We don't quite need to reproduce the MArray methods in our "dictionary". (That's good, because some of them are hidden. A strange class indeed.) It's enough to write a GADT constructor with this constrained type. The constructor will implicitly capture the constraint evidence (such as a dictionary) from its call-site.

Now we need to express the universal quantification on s:

data ElemType e = ElemType (forall s. Evidence s e)

A (non-⊥) value of type ElemType e is evidence that e is a suitable element type for STUArray. That's all we wanted the caller to say in the first place!

Now we can pass the appropriate evidence:

sortP_4
:: forall a.
(Ord a)
=> ElemType a
-> [a] -> [a]
sortP_4 (ElemType Evidence) xs = runST (sortM xs)

Not quite:

    Couldn't match expected type `forall s. Evidence s a'
           against inferred type `Evidence s e'
    In the pattern: Evidence
    In the pattern: ElemType Evidence
    In the definition of `sortP_4':
        sortP_4 (ElemType Evidence) xs = runST (sortM xs)

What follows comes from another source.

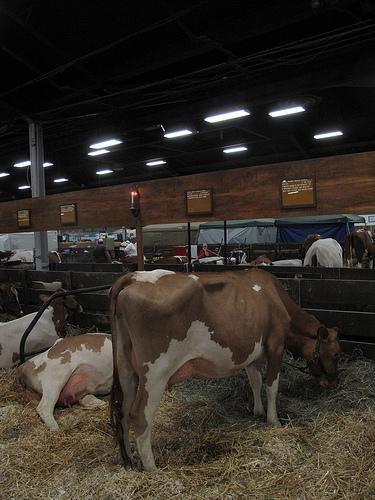How many cows are laying down?
Give a very brief answer. 2. 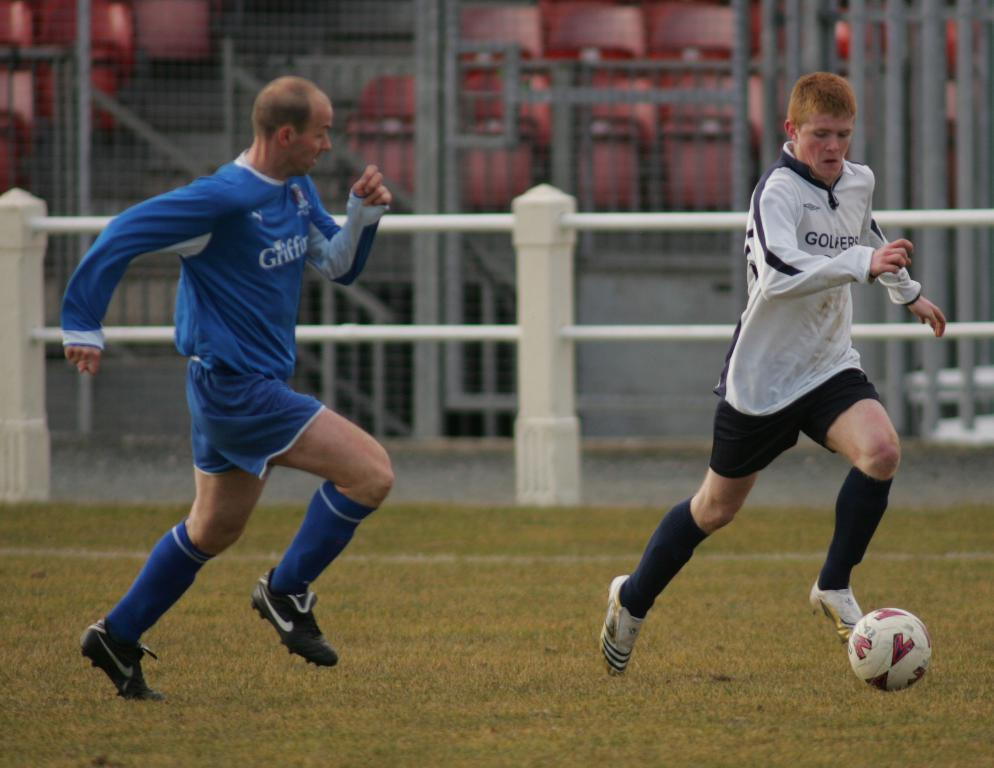How many people are in the image? There are two persons in the image. What are the two persons doing in the image? The two persons are playing on a ground. What can be seen in the background of the image? There is a fencing with a net in the background of the image. What type of drug is being used by the two persons in the image? There is no indication of any drug use in the image; the two persons are playing on a ground.

GHC still wants some coaxing to match up this s with the other s. We push the pattern-matching of Evidence inside runST:

sortP_5
:: forall a.
(Ord a)
=> ElemType a
-> [a] -> [a]
sortP_5 (ElemType e) xs = runST (f e) where
f :: Evidence s a -> ST s [a]
f Evidence = sortM xs

And...

[1 of 1] Compiling Main             ( code.hs, interpreted )
Ok, modules loaded: Main.
*Main>

A glorious sight! Then, a moment of concern: is sortP_5 actually usable? Does ElemType have non-⊥ values? Let's check:

*Main> sortP_5 (ElemType Evidence) ([3,4] :: [Int])
[3,4]

Nice. It's sorted and everything. :) As expected, this works only for unboxable types:

*Main> sortP_5 (ElemType Evidence) ["foo","bar"]

<interactive>:1:18:
    Could not deduce (MArray (STUArray s) [Char] (ST s))
      from the context ()
      arising from a use of `Evidence' at <interactive>:1:18-25

As usual, this interesting exercise came from a question on the #haskell IRC channel. That's why it's one of my favorite places, even if they do specialize in making GHC cry.